ABOUT THIS EXERCISE:
Below is a listing; restate from it, character for character, the lines beginning at the line holding "cereal box,0.111,0.144,1.668,0.195,0.292,0.068,5,39,12" and ending at the line holding "42) chair [886,303,977,426]", both included.

DATA SHOWN:
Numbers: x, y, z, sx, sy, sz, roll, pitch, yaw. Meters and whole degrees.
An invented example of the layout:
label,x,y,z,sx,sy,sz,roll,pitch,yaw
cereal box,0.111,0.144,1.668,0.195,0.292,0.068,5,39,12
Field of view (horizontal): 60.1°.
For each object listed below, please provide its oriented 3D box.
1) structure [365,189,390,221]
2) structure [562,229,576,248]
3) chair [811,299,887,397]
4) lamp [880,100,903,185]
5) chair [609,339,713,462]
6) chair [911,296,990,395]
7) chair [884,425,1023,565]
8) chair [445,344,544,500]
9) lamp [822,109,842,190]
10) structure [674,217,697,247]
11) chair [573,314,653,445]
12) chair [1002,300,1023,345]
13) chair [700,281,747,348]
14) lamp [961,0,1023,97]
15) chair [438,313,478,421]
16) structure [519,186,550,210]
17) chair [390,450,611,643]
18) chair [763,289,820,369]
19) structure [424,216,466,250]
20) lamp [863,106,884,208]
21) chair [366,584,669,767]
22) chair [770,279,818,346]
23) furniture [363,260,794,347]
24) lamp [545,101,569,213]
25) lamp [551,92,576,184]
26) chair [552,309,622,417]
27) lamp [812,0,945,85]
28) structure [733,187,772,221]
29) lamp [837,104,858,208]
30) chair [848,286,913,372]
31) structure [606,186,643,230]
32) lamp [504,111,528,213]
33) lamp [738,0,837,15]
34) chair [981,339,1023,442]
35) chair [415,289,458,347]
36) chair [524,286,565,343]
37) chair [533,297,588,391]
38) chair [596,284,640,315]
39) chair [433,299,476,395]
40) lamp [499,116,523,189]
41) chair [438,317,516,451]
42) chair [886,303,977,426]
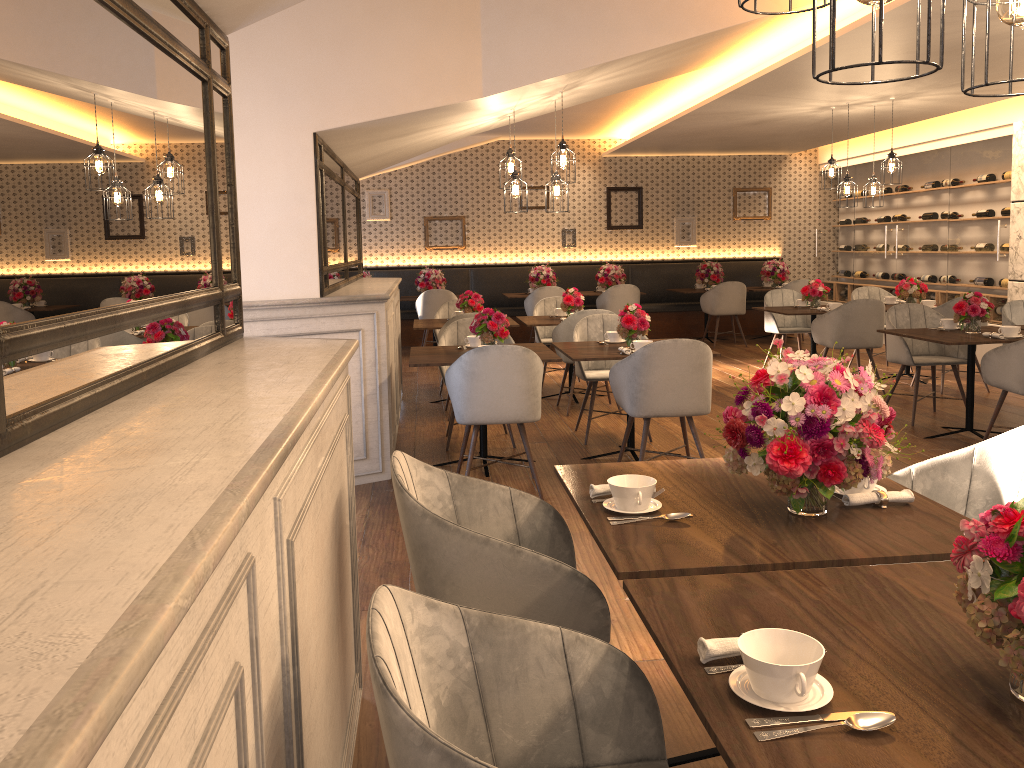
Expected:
label,x,y,z,sx,sy,sz,roll,pitch,yaw
structure,-1.924,-2.566,12.699,0.340,0.437,0.035,-2,6,-6
structure,0.841,-2.145,13.028,0.216,0.276,0.018,-2,6,-6
chair,3.019,-0.340,7.894,0.565,0.867,0.529,-2,7,-6
lamp,3.499,-2.875,8.121,0.175,2.059,0.176,-2,6,-4
chair,0.871,0.149,5.058,0.565,0.867,0.529,-2,7,-6
chair,3.974,-0.376,7.987,0.565,0.867,0.529,-2,7,-6
chair,1.287,0.550,2.424,0.526,0.867,0.568,-2,7,-6
chair,-0.083,0.184,4.964,0.565,0.867,0.529,-2,7,-6
lamp,3.123,-2.944,8.615,0.175,2.059,0.176,-2,6,-4
structure,2.586,-2.266,13.186,0.340,0.437,0.035,-2,6,-6
chair,0.707,-0.053,6.370,0.565,0.867,0.529,-2,7,-6
chair,4.104,-0.201,6.850,0.565,0.867,0.529,-2,7,-6
chair,2.822,-0.934,11.724,0.565,0.867,0.529,-2,7,-6
lamp,0.844,-1.526,1.406,0.175,2.059,0.176,-2,6,-4
chair,-0.316,-0.170,7.266,0.565,0.867,0.529,-2,7,-6
structure,0.325,-2.717,12.923,0.449,0.343,0.016,-2,6,-6
chair,-0.032,0.602,2.277,0.526,0.867,0.568,-2,7,-6
chair,2.902,-0.543,9.211,0.565,0.867,0.529,-2,7,-6
structure,-0.969,-2.188,12.832,0.601,0.483,0.032,-2,6,-6
lamp,3.471,-2.734,8.465,0.175,2.059,0.176,-2,6,-4
chair,0.061,0.745,1.347,0.526,0.867,0.568,-2,7,-6
chair,3.776,-0.969,11.817,0.565,0.867,0.529,-2,7,-6
furniture,0.590,-1.159,12.804,7.089,1.076,0.544,-2,6,-6
lamp,0.319,-2.326,6.608,0.175,2.059,0.176,-2,6,-4
lamp,0.348,-2.468,6.264,0.175,2.059,0.176,-2,6,-4
chair,0.639,-0.205,7.359,0.565,0.867,0.529,-2,7,-6
lamp,0.533,-1.495,1.249,0.175,2.059,0.176,-2,6,-4
structure,3.598,-2.694,13.247,0.601,0.483,0.032,-2,6,-6
lamp,3.160,-2.703,8.308,0.175,2.059,0.176,-2,6,-4
chair,3.856,-0.578,9.304,0.565,0.867,0.529,-2,7,-6
structure,1.663,-2.592,13.068,0.544,0.629,0.035,-2,6,-6
lamp,0.008,-2.295,6.451,0.175,2.059,0.176,-2,6,-4
lamp,0.496,-1.737,1.556,0.175,2.059,0.176,-2,6,-4
chair,3.267,0.037,5.440,0.565,0.867,0.529,-2,7,-6
chair,-0.950,-0.794,11.354,0.565,0.867,0.529,-2,7,-6
chair,0.459,-0.846,11.492,0.565,0.867,0.529,-2,7,-6
chair,0.475,-0.407,8.672,0.565,0.867,0.529,-2,7,-6
chair,1.413,-0.882,11.586,0.565,0.867,0.529,-2,7,-6
chair,-0.480,-0.371,8.578,0.565,0.867,0.529,-2,7,-6
lamp,-0.029,-2.537,6.758,0.175,2.059,0.176,-2,6,-4
chair,-0.247,-0.017,6.277,0.565,0.867,0.529,-2,7,-6
chair,3.149,-0.166,6.757,0.565,0.867,0.529,-2,7,-6

RESPONSE TO THE TASK:
cereal box,0.111,0.144,1.668,0.195,0.292,0.068,5,39,12
Field of view (horizontal): 60.1°.
For each object listed below, please provide its oriented 3D box.
1) structure [365,189,390,221]
2) structure [562,229,576,248]
3) chair [811,299,887,397]
4) lamp [880,100,903,185]
5) chair [609,339,713,462]
6) chair [911,296,990,395]
7) chair [884,425,1023,565]
8) chair [445,344,544,500]
9) lamp [822,109,842,190]
10) structure [674,217,697,247]
11) chair [573,314,653,445]
12) chair [1002,300,1023,345]
13) chair [700,281,747,348]
14) lamp [961,0,1023,97]
15) chair [438,313,478,421]
16) structure [519,186,550,210]
17) chair [390,450,611,643]
18) chair [763,289,820,369]
19) structure [424,216,466,250]
20) lamp [863,106,884,208]
21) chair [366,584,669,767]
22) chair [770,279,818,346]
23) furniture [363,260,794,347]
24) lamp [545,101,569,213]
25) lamp [551,92,576,184]
26) chair [552,309,622,417]
27) lamp [812,0,945,85]
28) structure [733,187,772,221]
29) lamp [837,104,858,208]
30) chair [848,286,913,372]
31) structure [606,186,643,230]
32) lamp [504,111,528,213]
33) lamp [738,0,837,15]
34) chair [981,339,1023,442]
35) chair [415,289,458,347]
36) chair [524,286,565,343]
37) chair [533,297,588,391]
38) chair [596,284,640,315]
39) chair [433,299,476,395]
40) lamp [499,116,523,189]
41) chair [438,317,516,451]
42) chair [886,303,977,426]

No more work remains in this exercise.